The RNZAF has been heaped with praise from the US Embassy and US Defence Force after a daring rescue mission at the bottom of the world.
A C130 Hercules performed a medevac to Antarctica when a United States citizen, working for the National Science Foundation, fell ill at McMurdo Station near Scott Base and needed to be evacuated to Christchurch Hospital.
"This is probably one of the more complicated missions that we would actually see an aircraft like a C130 crew have to do," said US defence attache, Colonel Ian Murray.
"This is one of the missions that will test the crew and pilot skills.
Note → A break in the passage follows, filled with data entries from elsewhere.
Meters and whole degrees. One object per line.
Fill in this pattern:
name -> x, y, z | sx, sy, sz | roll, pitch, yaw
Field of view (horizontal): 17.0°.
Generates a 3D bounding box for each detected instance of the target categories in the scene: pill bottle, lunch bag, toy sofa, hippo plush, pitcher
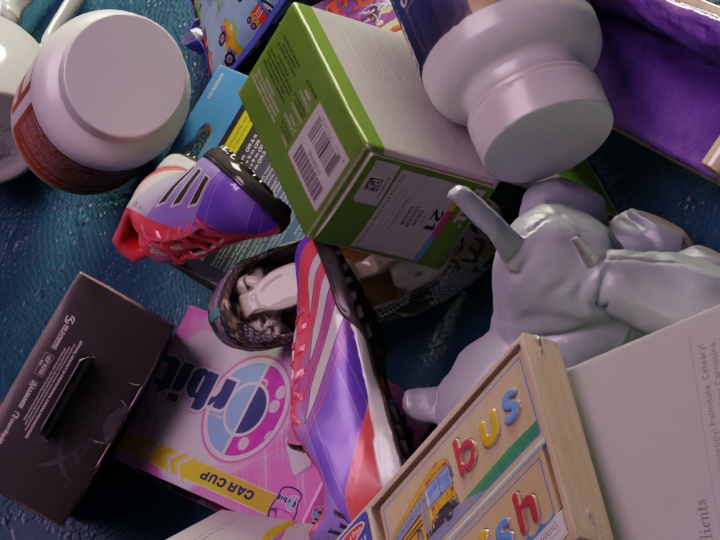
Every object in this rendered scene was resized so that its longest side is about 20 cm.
pill bottle -> -0.181, -0.120, 1.694 | 0.113, 0.112, 0.200 | -66, 11, -11
lunch bag -> -0.064, -0.223, 1.742 | 0.200, 0.094, 0.151 | -41, 47, 28
toy sofa -> 0.176, -0.122, 1.451 | 0.200, 0.097, 0.083 | 34, 89, 46
hippo plush -> 0.122, 0.049, 1.365 | 0.159, 0.200, 0.161 | 26, 104, 16
pitcher -> -0.280, -0.163, 1.878 | 0.171, 0.121, 0.200 | -31, 35, 4
pill bottle -> 0.078, -0.157, 1.436 | 0.111, 0.111, 0.201 | -33, 60, 22

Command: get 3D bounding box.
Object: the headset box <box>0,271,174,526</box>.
headset box -> -0.189, 0.085, 1.585 | 0.149, 0.075, 0.200 | -61, 3, -5

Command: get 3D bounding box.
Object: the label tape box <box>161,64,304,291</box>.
label tape box -> -0.053, -0.044, 1.629 | 0.200, 0.063, 0.145 | 24, 81, 47

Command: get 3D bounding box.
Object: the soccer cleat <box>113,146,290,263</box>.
soccer cleat -> -0.102, -0.033, 1.518 | 0.073, 0.068, 0.200 | -47, 17, -12

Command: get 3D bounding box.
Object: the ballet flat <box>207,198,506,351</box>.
ballet flat -> 0.000, 0.000, 1.500 | 0.199, 0.072, 0.072 | -20, 48, -3

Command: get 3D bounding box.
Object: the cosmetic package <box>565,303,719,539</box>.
cosmetic package -> 0.217, 0.122, 1.214 | 0.199, 0.167, 0.167 | -25, 52, 28

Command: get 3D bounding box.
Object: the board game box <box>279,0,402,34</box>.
board game box -> 0.047, -0.168, 1.594 | 0.199, 0.032, 0.120 | -26, 35, 8

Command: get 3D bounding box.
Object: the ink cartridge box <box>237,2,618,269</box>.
ink cartridge box -> 0.044, -0.072, 1.485 | 0.076, 0.199, 0.148 | -55, 39, 28

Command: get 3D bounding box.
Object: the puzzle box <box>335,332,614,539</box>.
puzzle box -> 0.051, 0.143, 1.241 | 0.200, 0.025, 0.133 | -51, 35, 34

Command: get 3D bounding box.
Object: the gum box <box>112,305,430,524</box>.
gum box -> -0.054, 0.107, 1.536 | 0.200, 0.066, 0.114 | 17, 77, 45

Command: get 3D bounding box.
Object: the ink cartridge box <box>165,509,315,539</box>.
ink cartridge box -> -0.053, 0.211, 1.432 | 0.199, 0.067, 0.118 | 4, 111, 42

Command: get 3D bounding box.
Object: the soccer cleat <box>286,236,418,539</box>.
soccer cleat -> -0.018, 0.066, 1.404 | 0.073, 0.068, 0.201 | -21, 62, 8

You are landing a giant aircraft on the ice at night without lights under [night] goggles and then you have to refuel it while the aircraft is spinning because it is so cold down there."
The C130H aircraft, with 13 crew onboard including two New Zealand Defence Force medical personnel, left Christchurch for Antarctica at 10.25pm Sunday.
It is the first time the RNZAF has flown a medevac mission to Antarctica using the goggles.
"Landing on night vision goggles is something we train for in New Zealand," said Rob Attrill, Hercules flight commander, and navigator for the brave mission.
"We don't routinely do [this] into Antarctica."
Because of Covid, the USAF C17 aircraft weren't able to join the New Zealanders "so we were privileged to be able to help out", Attrill said.
All flights south to Antarctica have a "point of safe return" - where they can turn around with enough fuel to safely get back.
"Once we get to that point of safe return, we can't go back to New Zealand, so we have to make sure the weather the runway conditions and everything is perfect to allow us to land in Antarctica," said Attrill.
The round trip south took more than 15 hours, almost all in the dark.
The US crew at McMurdo Station placed lights on the ice runway to help the Kiwis land.
"Night goggles' depth perception is pretty good - it's not entirely great down there because [we] rely on the moon."
Also against them was the weather.
It was overcast, the temperature as cold as -20C with a thick cloud layer at 3000ft.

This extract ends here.